European member states' CERTs are still not proactively detecting and preventing enough threats and they must improve cross-border data sharing and co-operation to be more effective in future, according to the latest report from the EU's security agency Enisa.
The Proactive detection of network security incidents report highlighted several shortcomings of most CERTs in the region which it studied, including the under-reporting of DDoS and targeted attacks; a lack of automation, sandbox analysis and honeypot deployments; and data quality problems.
"The study has identified that CERTs are currently not fully utilising all possible external sources at their disposal – despite their wide availability and relative ease of use, and despite the fact that many CERTs declare their readiness to adopt new sources of information," the report found.
"Similarly, a large number of CERTs do not collect incident data about other constituencies. Even those that do, often do not share this data with other CERTs. This is an area of concern as exchange of such information is key to the effective combating of malware and malicious activities and is extremely important in a cross-border environment."
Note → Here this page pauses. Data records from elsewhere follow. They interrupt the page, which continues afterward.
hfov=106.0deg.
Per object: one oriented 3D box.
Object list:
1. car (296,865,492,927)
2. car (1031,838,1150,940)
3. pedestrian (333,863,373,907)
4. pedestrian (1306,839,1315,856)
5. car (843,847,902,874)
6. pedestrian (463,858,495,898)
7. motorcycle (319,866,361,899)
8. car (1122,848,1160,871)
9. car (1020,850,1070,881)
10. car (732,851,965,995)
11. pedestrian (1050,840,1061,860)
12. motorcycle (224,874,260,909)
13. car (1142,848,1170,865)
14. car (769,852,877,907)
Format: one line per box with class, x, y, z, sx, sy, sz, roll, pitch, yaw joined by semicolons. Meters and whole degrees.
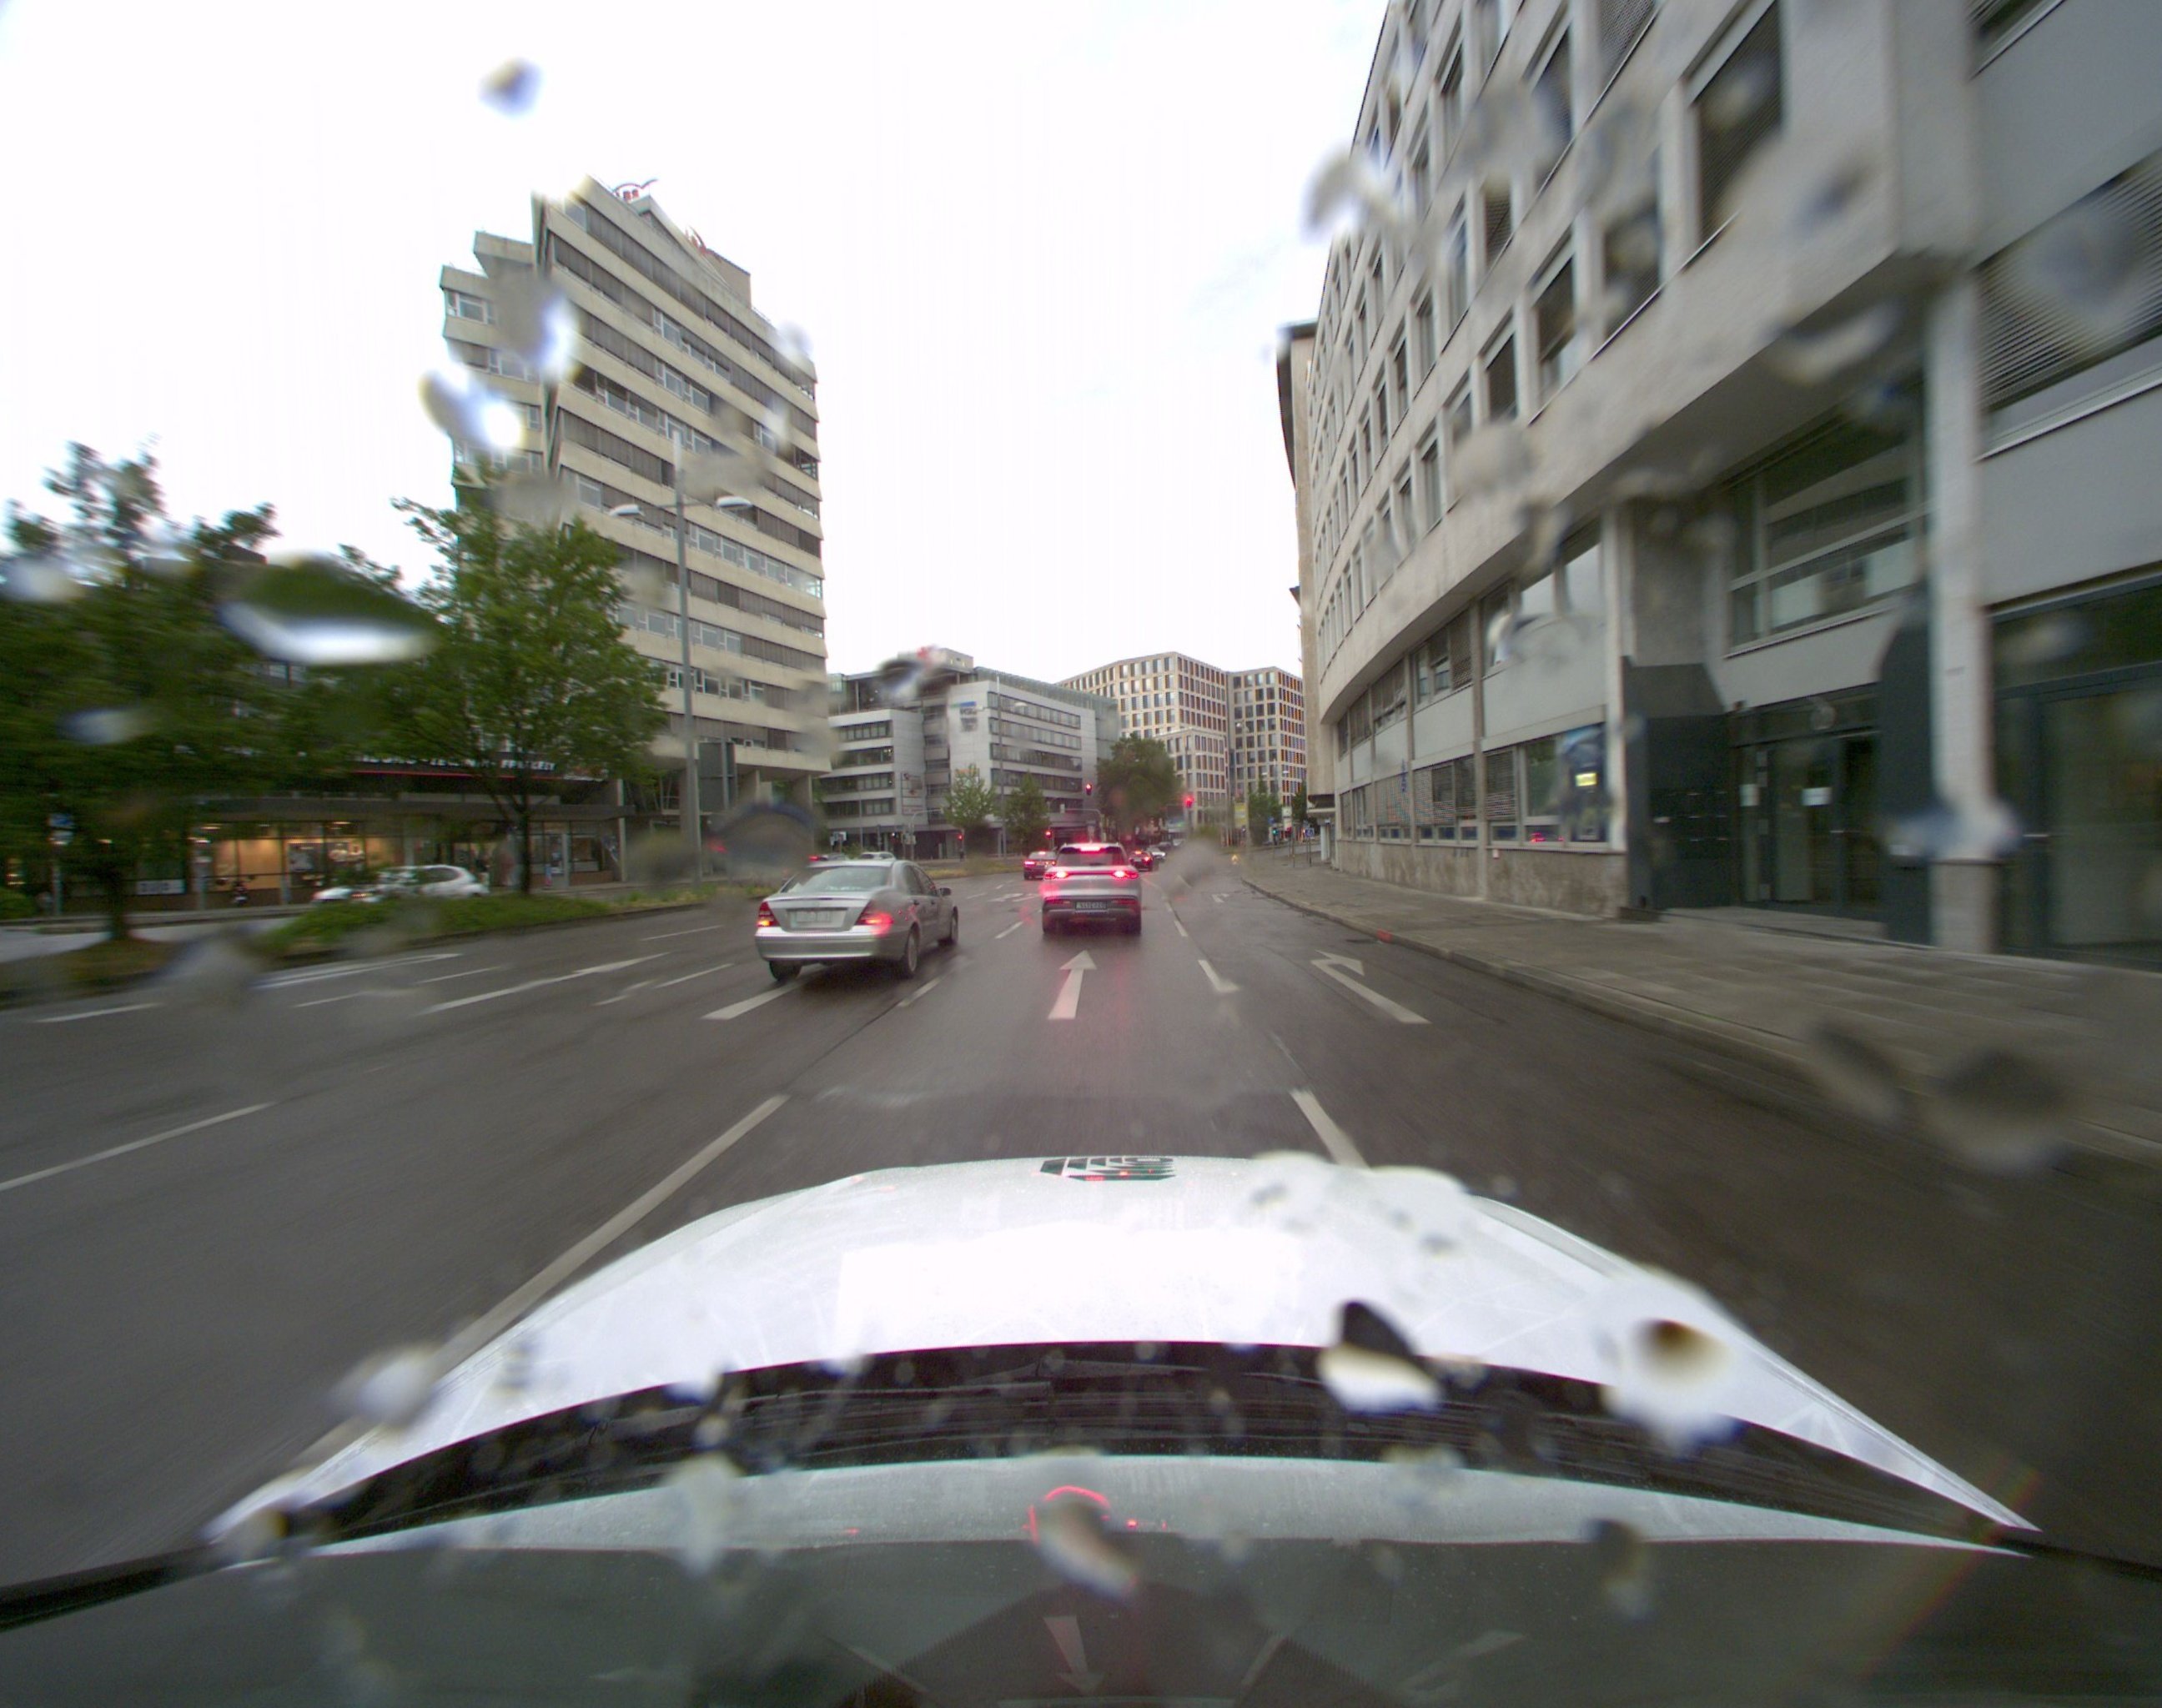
car;-18.890;1.093;22.683;1.673;1.431;4.091;-1;1;7
car;0.209;0.568;16.208;1.986;1.709;4.484;-1;1;1
pedestrian;-30.798;1.300;34.464;0.810;1.832;0.929;-1;1;20
pedestrian;22.519;-0.673;79.976;0.721;1.668;0.694;-1;0;20
car;-14.162;0.397;55.540;1.723;1.728;4.515;0;1;18
pedestrian;-28.533;1.134;38.628;0.721;1.832;0.929;-1;0;20
motorcycle;-32.801;1.225;36.040;2.855;1.374;0.809;-1;0;36
car;4.423;0.373;59.640;1.940;1.530;4.017;-1;1;15
car;-1.876;0.570;43.566;1.944;1.530;4.010;-1;1;8
car;-2.825;0.743;10.933;1.675;1.486;4.200;-1;1;3
pedestrian;-2.214;-0.344;71.877;0.919;1.738;0.729;-1;0;-1
motorcycle;-34.718;1.526;33.697;2.784;1.333;0.728;-1;0;38
car;8.167;0.230;89.319;1.993;1.749;4.518;-1;1;-8
car;-8.249;0.757;26.485;1.987;1.544;4.483;-1;1;1
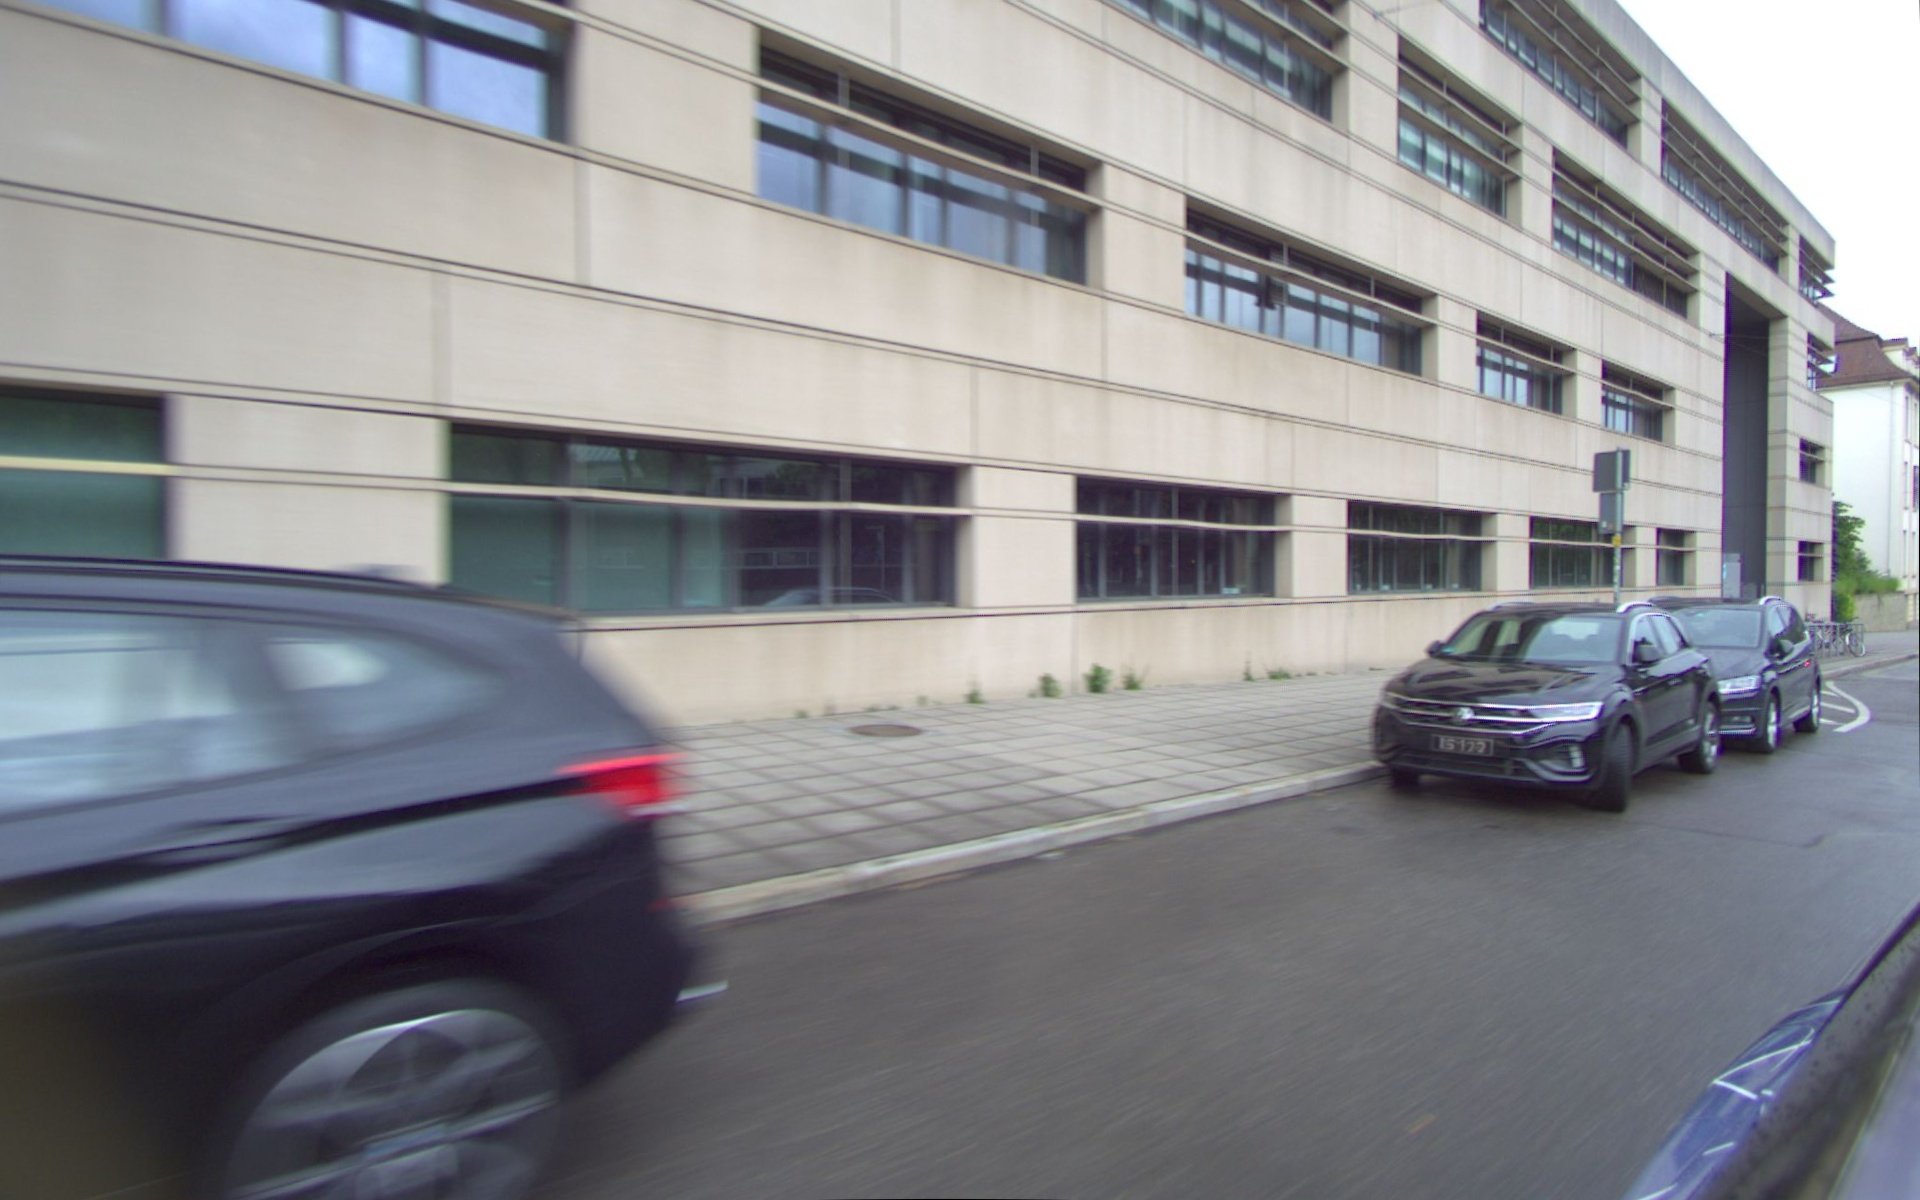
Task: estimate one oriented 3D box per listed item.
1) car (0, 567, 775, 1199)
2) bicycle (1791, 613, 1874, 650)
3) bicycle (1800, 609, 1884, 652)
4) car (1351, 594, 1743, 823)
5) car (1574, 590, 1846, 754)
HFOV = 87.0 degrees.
[{"bbox_3d":[-2.657,0.722,1.996,4.245,1.553,1.745,0,0,-42],"label":"car"},{"bbox_3d":[25.334,0.898,29.407,0.648,0.965,1.761,0,1,-42],"label":"bicycle"},{"bbox_3d":[24.825,0.840,28.508,0.649,1.133,1.730,0,1,-45],"label":"bicycle"},{"bbox_3d":[5.256,0.747,8.850,3.987,1.531,1.728,-1,-1,-41],"label":"car"},{"bbox_3d":[9.059,0.705,12.087,4.318,1.624,1.773,0,0,-42],"label":"car"}]

The report makes recommendations for each of the 16 shortcomings it highlighted in the process of incident detection, including improving data quality by screening for false positives and assigning validity indicators to information streams.
Alongside the technical issues discovered were legal and organisational.
Data such as IP addresses, URLs and timestamps, which are an important part of any incident report, are in some jurisdictions and contexts considered personally identifiable information and therefore subject to certain legal conditions, according to Enisa.
"This impacts not only the possibility of sharing data with others, but in some cases means that CERTs are unable to receive data feeds from third parties," the report said.
"In fact, during the expert group meeting some vendors reported that they have experienced cases where CERTs refused to receive incident data concerning their constituency because of legal considerations."
Enisa said it will be conducting another study on this specific area soon.